__Stored data__.
☆ ☆ ☆ ☆ ☆ ☆ ☆

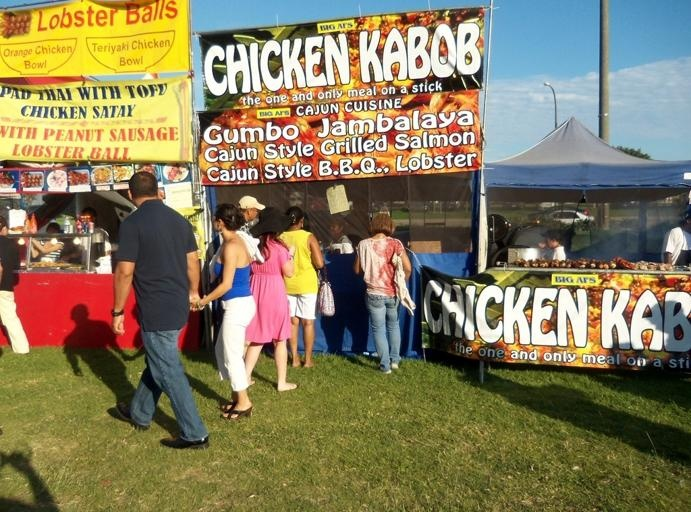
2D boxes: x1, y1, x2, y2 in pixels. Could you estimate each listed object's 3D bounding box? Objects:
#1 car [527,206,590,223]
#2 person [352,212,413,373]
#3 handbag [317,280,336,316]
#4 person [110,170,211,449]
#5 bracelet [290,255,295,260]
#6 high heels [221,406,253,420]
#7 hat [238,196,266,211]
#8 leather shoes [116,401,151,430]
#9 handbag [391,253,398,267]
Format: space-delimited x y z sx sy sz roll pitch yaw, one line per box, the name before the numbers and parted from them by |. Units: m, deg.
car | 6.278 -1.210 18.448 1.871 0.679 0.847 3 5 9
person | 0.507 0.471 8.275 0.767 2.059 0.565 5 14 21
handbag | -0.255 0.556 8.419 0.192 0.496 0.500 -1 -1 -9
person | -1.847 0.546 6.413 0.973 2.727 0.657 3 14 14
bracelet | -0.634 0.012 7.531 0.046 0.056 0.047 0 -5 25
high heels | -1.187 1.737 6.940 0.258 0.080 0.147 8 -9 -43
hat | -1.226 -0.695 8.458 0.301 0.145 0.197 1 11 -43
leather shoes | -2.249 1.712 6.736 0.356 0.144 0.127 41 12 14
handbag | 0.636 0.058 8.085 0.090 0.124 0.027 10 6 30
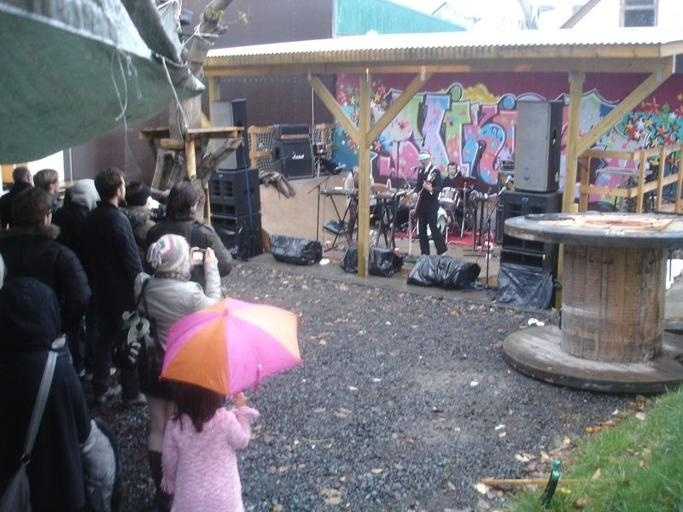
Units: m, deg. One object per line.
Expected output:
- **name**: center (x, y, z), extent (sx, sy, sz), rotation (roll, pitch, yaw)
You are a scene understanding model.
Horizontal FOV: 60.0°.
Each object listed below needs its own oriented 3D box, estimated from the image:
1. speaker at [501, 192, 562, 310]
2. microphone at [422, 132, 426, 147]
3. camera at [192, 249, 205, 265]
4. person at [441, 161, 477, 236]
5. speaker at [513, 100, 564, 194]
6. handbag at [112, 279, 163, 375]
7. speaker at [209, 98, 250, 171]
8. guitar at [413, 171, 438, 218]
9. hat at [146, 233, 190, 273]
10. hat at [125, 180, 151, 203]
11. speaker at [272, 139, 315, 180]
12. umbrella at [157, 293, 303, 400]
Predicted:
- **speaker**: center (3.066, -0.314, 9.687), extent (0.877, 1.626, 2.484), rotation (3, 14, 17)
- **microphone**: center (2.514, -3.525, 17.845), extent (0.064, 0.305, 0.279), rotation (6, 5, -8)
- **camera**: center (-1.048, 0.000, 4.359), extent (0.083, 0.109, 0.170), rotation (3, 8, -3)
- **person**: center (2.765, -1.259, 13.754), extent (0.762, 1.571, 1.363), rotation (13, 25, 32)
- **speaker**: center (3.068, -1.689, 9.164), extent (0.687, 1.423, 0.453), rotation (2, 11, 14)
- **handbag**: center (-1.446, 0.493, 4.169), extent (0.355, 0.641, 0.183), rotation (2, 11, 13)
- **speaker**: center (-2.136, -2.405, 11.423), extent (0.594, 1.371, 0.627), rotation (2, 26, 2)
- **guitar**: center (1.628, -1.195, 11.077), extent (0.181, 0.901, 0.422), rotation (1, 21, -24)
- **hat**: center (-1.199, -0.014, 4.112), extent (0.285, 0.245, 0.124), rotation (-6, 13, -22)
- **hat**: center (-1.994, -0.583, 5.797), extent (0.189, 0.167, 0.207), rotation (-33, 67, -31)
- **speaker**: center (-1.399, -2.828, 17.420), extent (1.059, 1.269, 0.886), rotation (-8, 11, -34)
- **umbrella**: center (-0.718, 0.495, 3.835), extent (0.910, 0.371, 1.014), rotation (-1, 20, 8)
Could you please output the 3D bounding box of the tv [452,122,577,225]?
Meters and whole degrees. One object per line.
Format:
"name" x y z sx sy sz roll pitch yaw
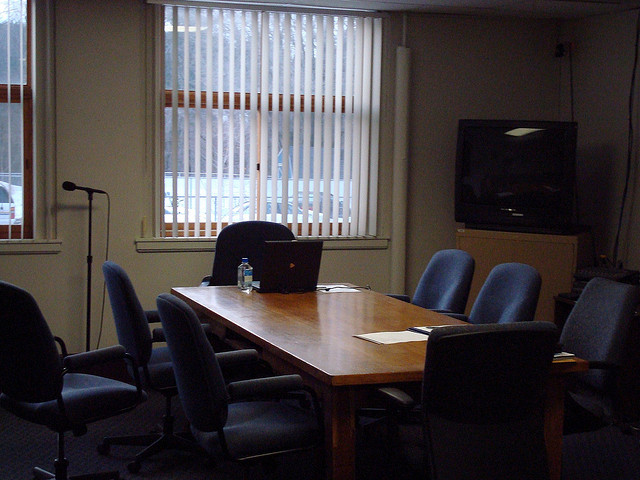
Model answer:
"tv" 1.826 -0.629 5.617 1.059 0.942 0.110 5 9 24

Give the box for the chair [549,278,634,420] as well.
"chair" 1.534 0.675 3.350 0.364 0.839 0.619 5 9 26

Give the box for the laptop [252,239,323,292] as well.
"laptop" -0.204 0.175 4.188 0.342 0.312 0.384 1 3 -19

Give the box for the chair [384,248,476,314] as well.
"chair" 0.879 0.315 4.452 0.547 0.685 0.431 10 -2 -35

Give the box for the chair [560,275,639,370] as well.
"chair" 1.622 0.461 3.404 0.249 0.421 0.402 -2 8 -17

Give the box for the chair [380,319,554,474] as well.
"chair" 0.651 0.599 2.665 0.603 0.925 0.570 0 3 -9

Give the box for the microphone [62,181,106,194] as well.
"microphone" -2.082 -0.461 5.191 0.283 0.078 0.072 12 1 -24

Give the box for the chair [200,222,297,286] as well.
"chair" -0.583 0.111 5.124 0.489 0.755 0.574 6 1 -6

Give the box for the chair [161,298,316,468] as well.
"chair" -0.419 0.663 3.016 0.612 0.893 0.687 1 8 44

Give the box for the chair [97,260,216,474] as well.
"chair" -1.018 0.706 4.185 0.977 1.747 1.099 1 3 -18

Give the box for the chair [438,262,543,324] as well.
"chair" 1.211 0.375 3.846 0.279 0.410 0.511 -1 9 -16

☆ ☆ ☆ ☆ ☆ ☆ ☆

__Task to carry out__. Your answer must be an exact copy of the data above, minus its pictures.

__Worked solution__.
2D boxes: x1, y1, x2, y2 in pixels. Could you estimate each listed object's 3D bounding box? Objects:
#1 car [527,206,590,223]
#2 person [352,212,413,373]
#3 handbag [317,280,336,316]
#4 person [110,170,211,449]
#5 bracelet [290,255,295,260]
#6 high heels [221,406,253,420]
#7 hat [238,196,266,211]
#8 leather shoes [116,401,151,430]
#9 handbag [391,253,398,267]
Format: space-delimited x y z sx sy sz roll pitch yaw, one line per box, the name before the numbers and parted from them by |. Units: m, deg.
car | 6.278 -1.210 18.448 1.871 0.679 0.847 3 5 9
person | 0.507 0.471 8.275 0.767 2.059 0.565 5 14 21
handbag | -0.255 0.556 8.419 0.192 0.496 0.500 -1 -1 -9
person | -1.847 0.546 6.413 0.973 2.727 0.657 3 14 14
bracelet | -0.634 0.012 7.531 0.046 0.056 0.047 0 -5 25
high heels | -1.187 1.737 6.940 0.258 0.080 0.147 8 -9 -43
hat | -1.226 -0.695 8.458 0.301 0.145 0.197 1 11 -43
leather shoes | -2.249 1.712 6.736 0.356 0.144 0.127 41 12 14
handbag | 0.636 0.058 8.085 0.090 0.124 0.027 10 6 30
Units: m, deg. One object per line.
Expected output:
- **name**: center (x, y, z), extent (sx, sy, sz), rotation (roll, pitch, yaw)
You are a scene understanding model.
Horizontal FOV: 60.0°.
Each object listed below needs its own oriented 3D box, estimated from the image:
1. speaker at [501, 192, 562, 310]
2. microphone at [422, 132, 426, 147]
3. camera at [192, 249, 205, 265]
4. person at [441, 161, 477, 236]
5. speaker at [513, 100, 564, 194]
6. handbag at [112, 279, 163, 375]
7. speaker at [209, 98, 250, 171]
8. guitar at [413, 171, 438, 218]
9. hat at [146, 233, 190, 273]
10. hat at [125, 180, 151, 203]
11. speaker at [272, 139, 315, 180]
12. umbrella at [157, 293, 303, 400]
Predicted:
- **speaker**: center (3.066, -0.314, 9.687), extent (0.877, 1.626, 2.484), rotation (3, 14, 17)
- **microphone**: center (2.514, -3.525, 17.845), extent (0.064, 0.305, 0.279), rotation (6, 5, -8)
- **camera**: center (-1.048, 0.000, 4.359), extent (0.083, 0.109, 0.170), rotation (3, 8, -3)
- **person**: center (2.765, -1.259, 13.754), extent (0.762, 1.571, 1.363), rotation (13, 25, 32)
- **speaker**: center (3.068, -1.689, 9.164), extent (0.687, 1.423, 0.453), rotation (2, 11, 14)
- **handbag**: center (-1.446, 0.493, 4.169), extent (0.355, 0.641, 0.183), rotation (2, 11, 13)
- **speaker**: center (-2.136, -2.405, 11.423), extent (0.594, 1.371, 0.627), rotation (2, 26, 2)
- **guitar**: center (1.628, -1.195, 11.077), extent (0.181, 0.901, 0.422), rotation (1, 21, -24)
- **hat**: center (-1.199, -0.014, 4.112), extent (0.285, 0.245, 0.124), rotation (-6, 13, -22)
- **hat**: center (-1.994, -0.583, 5.797), extent (0.189, 0.167, 0.207), rotation (-33, 67, -31)
- **speaker**: center (-1.399, -2.828, 17.420), extent (1.059, 1.269, 0.886), rotation (-8, 11, -34)
- **umbrella**: center (-0.718, 0.495, 3.835), extent (0.910, 0.371, 1.014), rotation (-1, 20, 8)
Could you please output the 3D bounding box of the tv [452,122,577,225]?
Meters and whole degrees. One object per line.
Format:
"name" x y z sx sy sz roll pitch yaw
Model answer:
"tv" 1.826 -0.629 5.617 1.059 0.942 0.110 5 9 24

Give the box for the chair [549,278,634,420] as well.
"chair" 1.534 0.675 3.350 0.364 0.839 0.619 5 9 26

Give the box for the laptop [252,239,323,292] as well.
"laptop" -0.204 0.175 4.188 0.342 0.312 0.384 1 3 -19

Give the box for the chair [384,248,476,314] as well.
"chair" 0.879 0.315 4.452 0.547 0.685 0.431 10 -2 -35

Give the box for the chair [560,275,639,370] as well.
"chair" 1.622 0.461 3.404 0.249 0.421 0.402 -2 8 -17

Give the box for the chair [380,319,554,474] as well.
"chair" 0.651 0.599 2.665 0.603 0.925 0.570 0 3 -9

Give the box for the microphone [62,181,106,194] as well.
"microphone" -2.082 -0.461 5.191 0.283 0.078 0.072 12 1 -24

Give the box for the chair [200,222,297,286] as well.
"chair" -0.583 0.111 5.124 0.489 0.755 0.574 6 1 -6

Give the box for the chair [161,298,316,468] as well.
"chair" -0.419 0.663 3.016 0.612 0.893 0.687 1 8 44

Give the box for the chair [97,260,216,474] as well.
"chair" -1.018 0.706 4.185 0.977 1.747 1.099 1 3 -18

Give the box for the chair [438,262,543,324] as well.
"chair" 1.211 0.375 3.846 0.279 0.410 0.511 -1 9 -16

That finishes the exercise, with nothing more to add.